### Provided entries
__________________________________________________
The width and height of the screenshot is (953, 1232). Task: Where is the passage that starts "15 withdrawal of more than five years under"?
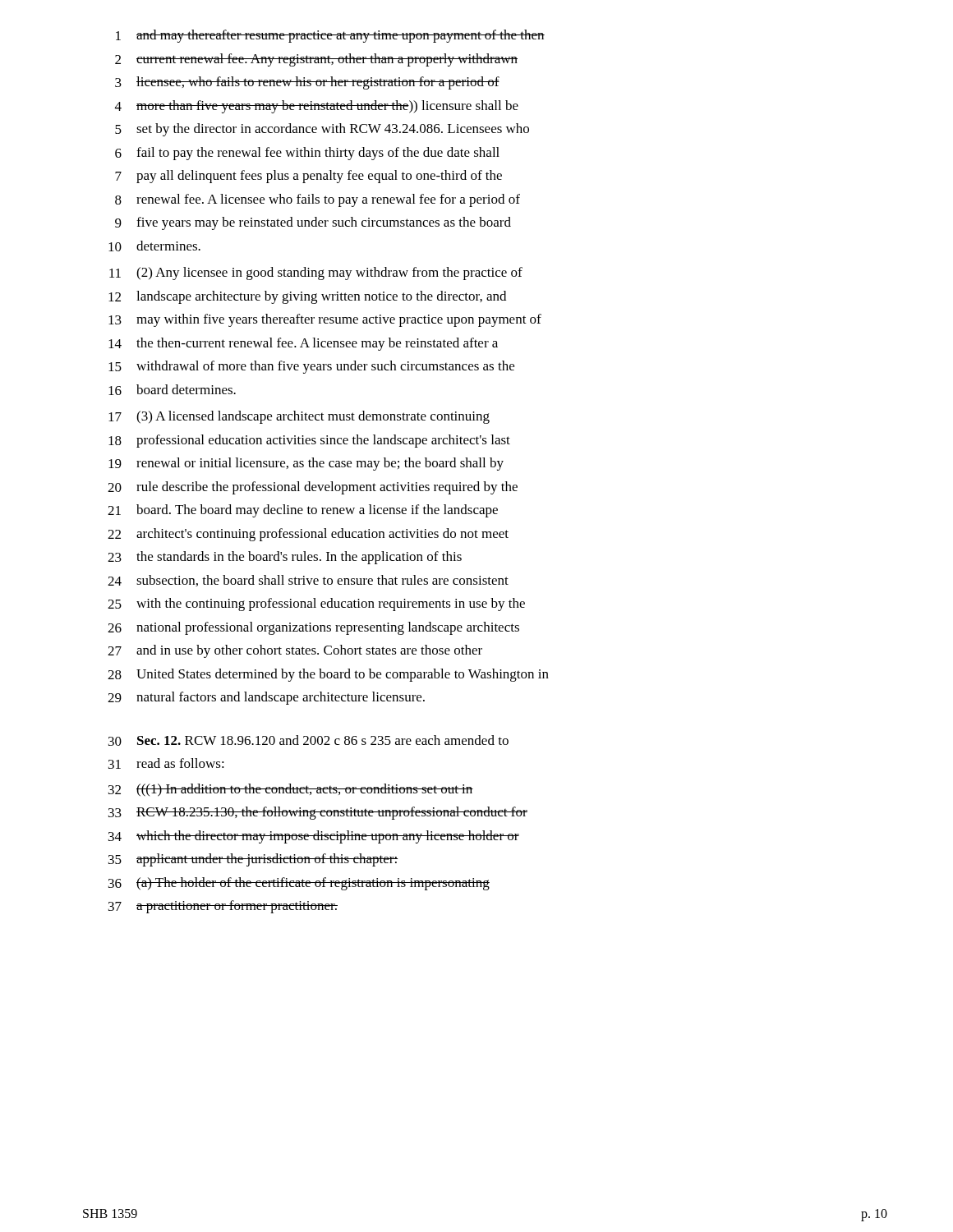coord(485,367)
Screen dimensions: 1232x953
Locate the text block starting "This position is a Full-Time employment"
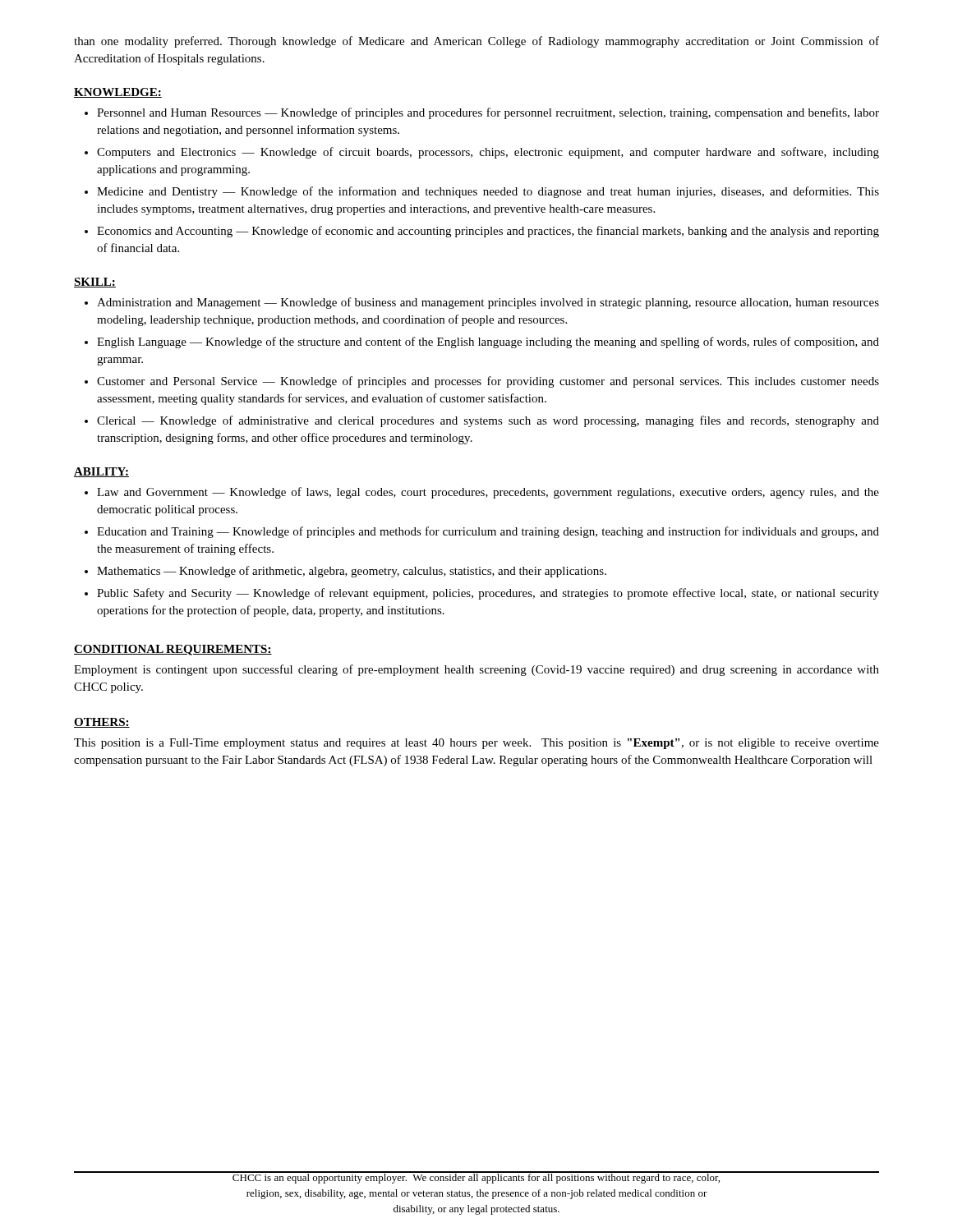point(476,751)
__________________________________________________
### Task objective
The result should be an exact retyped version of all the entries above, containing no pictures.

### Output for this task
The width and height of the screenshot is (953, 1232). Task: Where is the passage that starts "15 withdrawal of more than five years under"?
coord(485,367)
Screen dimensions: 1232x953
Locate the text block starting "This position is a Full-Time employment"
point(476,751)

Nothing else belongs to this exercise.